(STUDY MATERIAL)

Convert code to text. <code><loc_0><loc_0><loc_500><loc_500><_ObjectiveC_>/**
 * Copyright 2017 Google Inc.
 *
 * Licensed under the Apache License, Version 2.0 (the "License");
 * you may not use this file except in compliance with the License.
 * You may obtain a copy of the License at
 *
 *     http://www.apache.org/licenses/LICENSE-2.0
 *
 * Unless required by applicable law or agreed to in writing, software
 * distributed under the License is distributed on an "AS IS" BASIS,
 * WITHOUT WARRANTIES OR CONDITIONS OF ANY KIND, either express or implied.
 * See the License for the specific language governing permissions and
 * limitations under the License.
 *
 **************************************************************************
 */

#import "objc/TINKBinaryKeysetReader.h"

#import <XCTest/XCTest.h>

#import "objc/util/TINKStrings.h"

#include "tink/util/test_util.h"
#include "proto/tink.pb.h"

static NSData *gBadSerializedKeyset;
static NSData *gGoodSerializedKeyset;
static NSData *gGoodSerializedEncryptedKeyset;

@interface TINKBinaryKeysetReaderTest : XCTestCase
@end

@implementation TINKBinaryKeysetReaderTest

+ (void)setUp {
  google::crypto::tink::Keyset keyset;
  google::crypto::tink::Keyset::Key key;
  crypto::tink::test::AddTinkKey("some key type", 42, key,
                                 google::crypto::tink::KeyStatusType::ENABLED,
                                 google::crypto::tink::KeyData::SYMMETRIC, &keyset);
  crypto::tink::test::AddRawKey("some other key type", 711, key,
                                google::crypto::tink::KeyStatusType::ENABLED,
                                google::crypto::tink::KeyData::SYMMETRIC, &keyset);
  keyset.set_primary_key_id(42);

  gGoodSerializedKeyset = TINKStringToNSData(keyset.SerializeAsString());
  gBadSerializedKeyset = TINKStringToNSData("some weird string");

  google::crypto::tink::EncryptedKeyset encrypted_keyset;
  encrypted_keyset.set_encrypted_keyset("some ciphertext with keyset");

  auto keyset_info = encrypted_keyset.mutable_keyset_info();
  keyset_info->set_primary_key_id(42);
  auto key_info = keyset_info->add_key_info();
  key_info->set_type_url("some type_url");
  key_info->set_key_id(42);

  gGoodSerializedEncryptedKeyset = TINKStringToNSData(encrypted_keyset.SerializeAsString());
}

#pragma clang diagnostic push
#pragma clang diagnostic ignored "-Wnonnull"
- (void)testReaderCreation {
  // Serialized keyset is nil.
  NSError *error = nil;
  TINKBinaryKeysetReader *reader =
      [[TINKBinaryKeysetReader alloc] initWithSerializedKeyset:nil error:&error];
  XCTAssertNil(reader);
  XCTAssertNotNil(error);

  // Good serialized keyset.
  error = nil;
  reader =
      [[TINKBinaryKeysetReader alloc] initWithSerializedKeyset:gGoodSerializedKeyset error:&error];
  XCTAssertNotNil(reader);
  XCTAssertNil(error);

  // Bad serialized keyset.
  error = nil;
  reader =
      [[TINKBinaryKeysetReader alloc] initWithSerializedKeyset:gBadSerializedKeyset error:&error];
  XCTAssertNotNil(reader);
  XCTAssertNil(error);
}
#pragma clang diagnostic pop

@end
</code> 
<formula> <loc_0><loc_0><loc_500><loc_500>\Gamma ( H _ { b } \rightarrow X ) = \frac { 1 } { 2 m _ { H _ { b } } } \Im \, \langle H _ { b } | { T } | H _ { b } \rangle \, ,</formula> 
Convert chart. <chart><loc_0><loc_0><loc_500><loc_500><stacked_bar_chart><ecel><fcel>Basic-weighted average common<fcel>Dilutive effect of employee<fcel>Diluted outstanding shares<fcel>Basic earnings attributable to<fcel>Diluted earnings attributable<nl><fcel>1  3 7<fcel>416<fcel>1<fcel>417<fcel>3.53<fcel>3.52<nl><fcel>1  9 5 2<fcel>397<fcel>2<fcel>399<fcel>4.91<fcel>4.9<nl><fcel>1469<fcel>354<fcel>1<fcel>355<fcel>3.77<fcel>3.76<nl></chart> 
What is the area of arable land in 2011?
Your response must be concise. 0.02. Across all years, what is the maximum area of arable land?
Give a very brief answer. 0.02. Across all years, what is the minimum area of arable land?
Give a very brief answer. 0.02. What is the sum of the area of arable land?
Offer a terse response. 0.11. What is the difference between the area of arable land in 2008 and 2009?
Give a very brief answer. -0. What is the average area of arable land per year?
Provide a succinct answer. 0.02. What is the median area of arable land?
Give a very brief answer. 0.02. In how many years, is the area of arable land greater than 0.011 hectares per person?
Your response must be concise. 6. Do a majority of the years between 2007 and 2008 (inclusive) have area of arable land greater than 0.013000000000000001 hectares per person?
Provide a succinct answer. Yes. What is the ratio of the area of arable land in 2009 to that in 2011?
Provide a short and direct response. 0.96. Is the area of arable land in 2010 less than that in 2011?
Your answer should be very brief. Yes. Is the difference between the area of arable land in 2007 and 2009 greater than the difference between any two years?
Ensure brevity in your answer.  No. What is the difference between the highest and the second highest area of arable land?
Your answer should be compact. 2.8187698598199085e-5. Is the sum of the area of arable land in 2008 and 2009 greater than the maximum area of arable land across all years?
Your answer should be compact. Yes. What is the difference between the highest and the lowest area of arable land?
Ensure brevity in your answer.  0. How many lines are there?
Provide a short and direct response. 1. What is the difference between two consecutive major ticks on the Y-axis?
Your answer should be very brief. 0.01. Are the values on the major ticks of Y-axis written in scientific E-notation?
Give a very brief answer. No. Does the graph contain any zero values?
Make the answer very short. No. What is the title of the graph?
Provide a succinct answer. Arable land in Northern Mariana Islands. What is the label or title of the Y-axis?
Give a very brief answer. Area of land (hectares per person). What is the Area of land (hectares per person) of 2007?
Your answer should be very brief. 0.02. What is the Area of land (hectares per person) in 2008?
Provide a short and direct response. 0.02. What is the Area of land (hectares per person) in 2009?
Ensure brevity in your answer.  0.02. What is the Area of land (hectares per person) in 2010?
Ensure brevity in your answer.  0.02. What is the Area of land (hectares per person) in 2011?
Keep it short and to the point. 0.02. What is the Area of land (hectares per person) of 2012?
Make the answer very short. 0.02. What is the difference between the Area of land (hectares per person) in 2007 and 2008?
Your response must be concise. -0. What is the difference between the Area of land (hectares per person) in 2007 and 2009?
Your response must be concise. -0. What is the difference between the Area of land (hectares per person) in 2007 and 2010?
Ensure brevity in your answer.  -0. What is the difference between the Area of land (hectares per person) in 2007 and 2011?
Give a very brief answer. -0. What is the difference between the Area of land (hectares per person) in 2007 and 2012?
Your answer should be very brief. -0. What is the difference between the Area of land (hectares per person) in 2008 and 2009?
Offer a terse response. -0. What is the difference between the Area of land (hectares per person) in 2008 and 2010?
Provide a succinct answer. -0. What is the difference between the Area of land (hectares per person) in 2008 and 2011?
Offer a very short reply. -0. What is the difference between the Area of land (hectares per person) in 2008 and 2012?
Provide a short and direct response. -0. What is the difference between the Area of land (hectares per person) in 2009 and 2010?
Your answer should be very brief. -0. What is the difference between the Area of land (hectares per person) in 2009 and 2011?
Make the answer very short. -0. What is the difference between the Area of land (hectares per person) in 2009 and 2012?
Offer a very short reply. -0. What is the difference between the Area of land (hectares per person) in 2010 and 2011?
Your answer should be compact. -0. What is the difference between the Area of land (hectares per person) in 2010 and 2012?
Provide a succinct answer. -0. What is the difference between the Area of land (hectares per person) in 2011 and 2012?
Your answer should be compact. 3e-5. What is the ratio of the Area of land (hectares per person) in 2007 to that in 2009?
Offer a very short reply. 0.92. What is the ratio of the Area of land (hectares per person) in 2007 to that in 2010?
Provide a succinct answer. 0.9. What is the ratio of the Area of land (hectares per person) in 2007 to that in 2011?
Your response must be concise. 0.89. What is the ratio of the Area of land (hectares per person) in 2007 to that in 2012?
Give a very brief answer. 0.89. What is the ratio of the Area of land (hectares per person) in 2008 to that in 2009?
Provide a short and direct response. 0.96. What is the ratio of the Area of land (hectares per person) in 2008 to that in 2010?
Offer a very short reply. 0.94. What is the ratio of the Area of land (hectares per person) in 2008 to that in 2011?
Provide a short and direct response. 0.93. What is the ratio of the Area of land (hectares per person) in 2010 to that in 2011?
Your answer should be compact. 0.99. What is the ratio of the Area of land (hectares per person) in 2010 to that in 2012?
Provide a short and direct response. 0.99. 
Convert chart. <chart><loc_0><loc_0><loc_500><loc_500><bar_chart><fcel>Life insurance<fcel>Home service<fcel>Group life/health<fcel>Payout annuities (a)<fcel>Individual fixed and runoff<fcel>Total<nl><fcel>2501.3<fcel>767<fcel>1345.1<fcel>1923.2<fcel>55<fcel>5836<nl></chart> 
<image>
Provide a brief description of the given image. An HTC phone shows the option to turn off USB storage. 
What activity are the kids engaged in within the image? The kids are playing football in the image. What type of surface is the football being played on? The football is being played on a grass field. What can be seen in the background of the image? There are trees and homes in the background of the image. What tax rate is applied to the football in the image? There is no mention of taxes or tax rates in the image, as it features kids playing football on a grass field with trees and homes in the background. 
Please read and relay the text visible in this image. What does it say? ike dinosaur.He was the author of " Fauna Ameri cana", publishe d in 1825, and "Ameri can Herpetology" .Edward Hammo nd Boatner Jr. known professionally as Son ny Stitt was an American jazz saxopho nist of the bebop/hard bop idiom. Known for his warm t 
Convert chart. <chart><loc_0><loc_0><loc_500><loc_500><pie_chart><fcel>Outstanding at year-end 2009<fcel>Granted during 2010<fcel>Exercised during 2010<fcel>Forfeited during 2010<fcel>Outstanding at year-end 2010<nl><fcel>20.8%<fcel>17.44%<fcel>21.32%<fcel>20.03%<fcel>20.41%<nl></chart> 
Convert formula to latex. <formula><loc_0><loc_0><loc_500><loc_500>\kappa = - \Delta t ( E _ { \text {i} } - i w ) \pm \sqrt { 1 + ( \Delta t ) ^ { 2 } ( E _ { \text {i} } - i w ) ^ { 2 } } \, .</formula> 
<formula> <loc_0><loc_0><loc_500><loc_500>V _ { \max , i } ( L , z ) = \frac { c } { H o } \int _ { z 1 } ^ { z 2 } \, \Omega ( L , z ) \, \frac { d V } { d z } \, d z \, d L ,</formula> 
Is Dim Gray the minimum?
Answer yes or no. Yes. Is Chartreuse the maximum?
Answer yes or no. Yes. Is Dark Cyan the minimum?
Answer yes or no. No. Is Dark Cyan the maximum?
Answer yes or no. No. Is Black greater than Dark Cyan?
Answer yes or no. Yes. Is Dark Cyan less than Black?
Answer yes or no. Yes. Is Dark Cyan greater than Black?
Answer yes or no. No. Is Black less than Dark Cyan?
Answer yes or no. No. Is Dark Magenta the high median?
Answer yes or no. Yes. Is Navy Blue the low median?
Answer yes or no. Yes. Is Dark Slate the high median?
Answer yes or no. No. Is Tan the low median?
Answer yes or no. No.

(End STUDY MATERIAL)

> **TASK REQUIREMENTS**:
Give the count of lines in the data above holding the word "greater", and nothing beyond it.

> **ANSWER TO THE PROBLEM**:
6